[[ The records open ]]

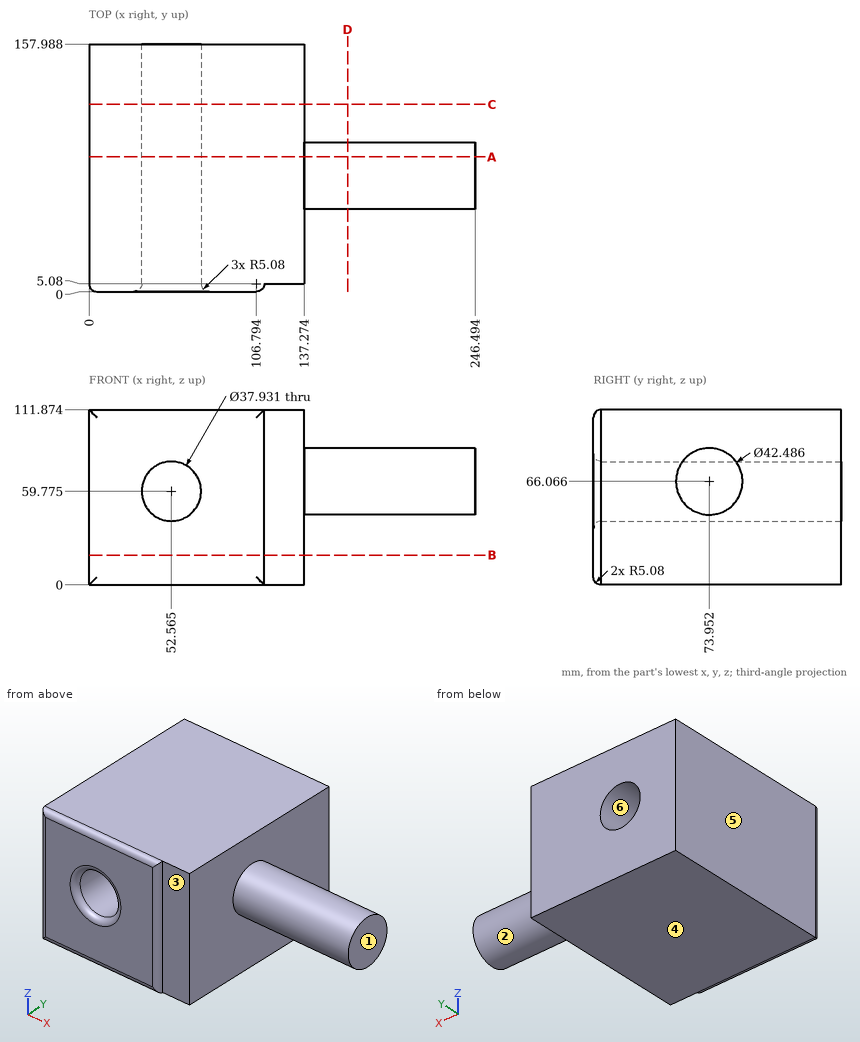
For this review, use the dimensioned drawing (mm, ordinates from the lowest corner) and the shaded views. A direction names the side the tool comes from. Round coordinates to 2 decimals unless told otherwise and drop trailing zeros. Order: outer loops, then holes, each group sorted by start corner. A loop starts at its lowest first (then second) coordinate and runs counter-clockwise, first axis right, second up. Notation, with made-up numbers: (-35, 12) -> (7, 12) arc R17 ccw to (7, 43) -> close; hole circle Ø5 at (63.25, 69). An arc over 180 degrees is marked (long way). Use CSV: the item, a comma, the result in double quotes. Start each with the question number.
(1) Consider section B-B on z = 19. Write out the cut boundary in (x, y) (1 decimal).
(2) Consider section C-C on y = 119.5. Write out the cut boundary in (x, z) (1 decimal), and give its area (3 significant figures).
(3) Consider section D-D on x = 165. Write out the cut boundary in (y, z) (1 decimal), and give its area (3 significant figures).
(4) Mouldability with a two-part tool opening along Z and no side actions: class the marked faces 4, 5 and 6 as pulls with the +Z half, pulls with the -Z half, needs draft (parallel to the pull), parting line crosses it, or undercut.
(5) Wall thickness on probe 1 along Y at (x, z) = (107.5, 42); probe 2 along X at (y, z) = (18.5, 36.5) (1 decimal); probe 3 along X at (y, z) = (53.5, 70) (1 decimal): over which ranges is each line inside the solid? List them lowest first. Write a range as from..to.
(6) Tool access review of the marked faces 1, 2 and 3: name each direction out of +Z, -Z, +X, -X, +Y, -Y from which nothing blocks a thin tool from reaching the whole face with its end or side.
(7) Insertion check: pin 1 (12.5 mm diameter, centred on x = 127.5, z = 65.5, fed in from -Y); pin 2 (1 mm diameter, centred on y = 106, z = 78, fed in from +X). Each pin has a flat end and moves straight along its axis. Give the tip position at first contact, or say it passes through.
(8) Consider section A-A on y = 86. Write out the cut boundary in (x, z) (1 decimal), and give its area (4 significant figures).
Responses:
1,outline,"(0, 5.1) arc R5.1 ccw to (5.1, 0) -> (106.8, 0) arc R5.1 ccw to (111.9, 5.1) -> (137.3, 5.1) -> (137.3, 158) -> (0, 158) -> close"
2,outline,"(0, 0) -> (137.3, 0) -> (137.3, 111.9) -> (0, 111.9) -> close; hole circle Ø37.9 at (52.6, 59.8)"
2,area,"14,200 mm²"
3,outline,"circle Ø42.5 at (74, 66.1)"
3,area,"1,420 mm²"
4,face 4,"pulls with the -Z half"
4,face 5,"needs draft"
4,face 6,"undercut"
5,probe 1,"0.05..157.99"
5,probe 2,"0..137.3"
5,probe 3,"0..36.6, 68.5..246.5"
6,face 1,"+Z, -Z, +X, +Y, -Y"
6,face 2,"+X"
6,face 3,"+Z, -Z, +X, -Y"
7,pin 1,"y = 5.08"
7,pin 2,"x = 137.27"
8,outline,"(0, 0) -> (137.3, 0) -> (137.3, 48.6) -> (246.5, 48.6) -> (246.5, 83.6) -> (137.3, 83.6) -> (137.3, 111.9) -> (0, 111.9) -> close; hole circle Ø37.9 at (52.6, 59.8)"
8,area,"18,050 mm²"

[[ The records closed ]]

● **Exercise directions**:
Write out the records once more, word for word, though without the pictures they contain.

● **Your solution**:
For this review, use the dimensioned drawing (mm, ordinates from the lowest corner) and the shaded views. A direction names the side the tool comes from. Round coordinates to 2 decimals unless told otherwise and drop trailing zeros. Order: outer loops, then holes, each group sorted by start corner. A loop starts at its lowest first (then second) coordinate and runs counter-clockwise, first axis right, second up. Notation, with made-up numbers: (-35, 12) -> (7, 12) arc R17 ccw to (7, 43) -> close; hole circle Ø5 at (63.25, 69). An arc over 180 degrees is marked (long way). Use CSV: the item, a comma, the result in double quotes. Start each with the question number.
(1) Consider section B-B on z = 19. Write out the cut boundary in (x, y) (1 decimal).
(2) Consider section C-C on y = 119.5. Write out the cut boundary in (x, z) (1 decimal), and give its area (3 significant figures).
(3) Consider section D-D on x = 165. Write out the cut boundary in (y, z) (1 decimal), and give its area (3 significant figures).
(4) Mouldability with a two-part tool opening along Z and no side actions: class the marked faces 4, 5 and 6 as pulls with the +Z half, pulls with the -Z half, needs draft (parallel to the pull), parting line crosses it, or undercut.
(5) Wall thickness on probe 1 along Y at (x, z) = (107.5, 42); probe 2 along X at (y, z) = (18.5, 36.5) (1 decimal); probe 3 along X at (y, z) = (53.5, 70) (1 decimal): over which ranges is each line inside the solid? List them lowest first. Write a range as from..to.
(6) Tool access review of the marked faces 1, 2 and 3: name each direction out of +Z, -Z, +X, -X, +Y, -Y from which nothing blocks a thin tool from reaching the whole face with its end or side.
(7) Insertion check: pin 1 (12.5 mm diameter, centred on x = 127.5, z = 65.5, fed in from -Y); pin 2 (1 mm diameter, centred on y = 106, z = 78, fed in from +X). Each pin has a flat end and moves straight along its axis. Give the tip position at first contact, or say it passes through.
(8) Consider section A-A on y = 86. Write out the cut boundary in (x, z) (1 decimal), and give its area (4 significant figures).
Responses:
1,outline,"(0, 5.1) arc R5.1 ccw to (5.1, 0) -> (106.8, 0) arc R5.1 ccw to (111.9, 5.1) -> (137.3, 5.1) -> (137.3, 158) -> (0, 158) -> close"
2,outline,"(0, 0) -> (137.3, 0) -> (137.3, 111.9) -> (0, 111.9) -> close; hole circle Ø37.9 at (52.6, 59.8)"
2,area,"14,200 mm²"
3,outline,"circle Ø42.5 at (74, 66.1)"
3,area,"1,420 mm²"
4,face 4,"pulls with the -Z half"
4,face 5,"needs draft"
4,face 6,"undercut"
5,probe 1,"0.05..157.99"
5,probe 2,"0..137.3"
5,probe 3,"0..36.6, 68.5..246.5"
6,face 1,"+Z, -Z, +X, +Y, -Y"
6,face 2,"+X"
6,face 3,"+Z, -Z, +X, -Y"
7,pin 1,"y = 5.08"
7,pin 2,"x = 137.27"
8,outline,"(0, 0) -> (137.3, 0) -> (137.3, 48.6) -> (246.5, 48.6) -> (246.5, 83.6) -> (137.3, 83.6) -> (137.3, 111.9) -> (0, 111.9) -> close; hole circle Ø37.9 at (52.6, 59.8)"
8,area,"18,050 mm²"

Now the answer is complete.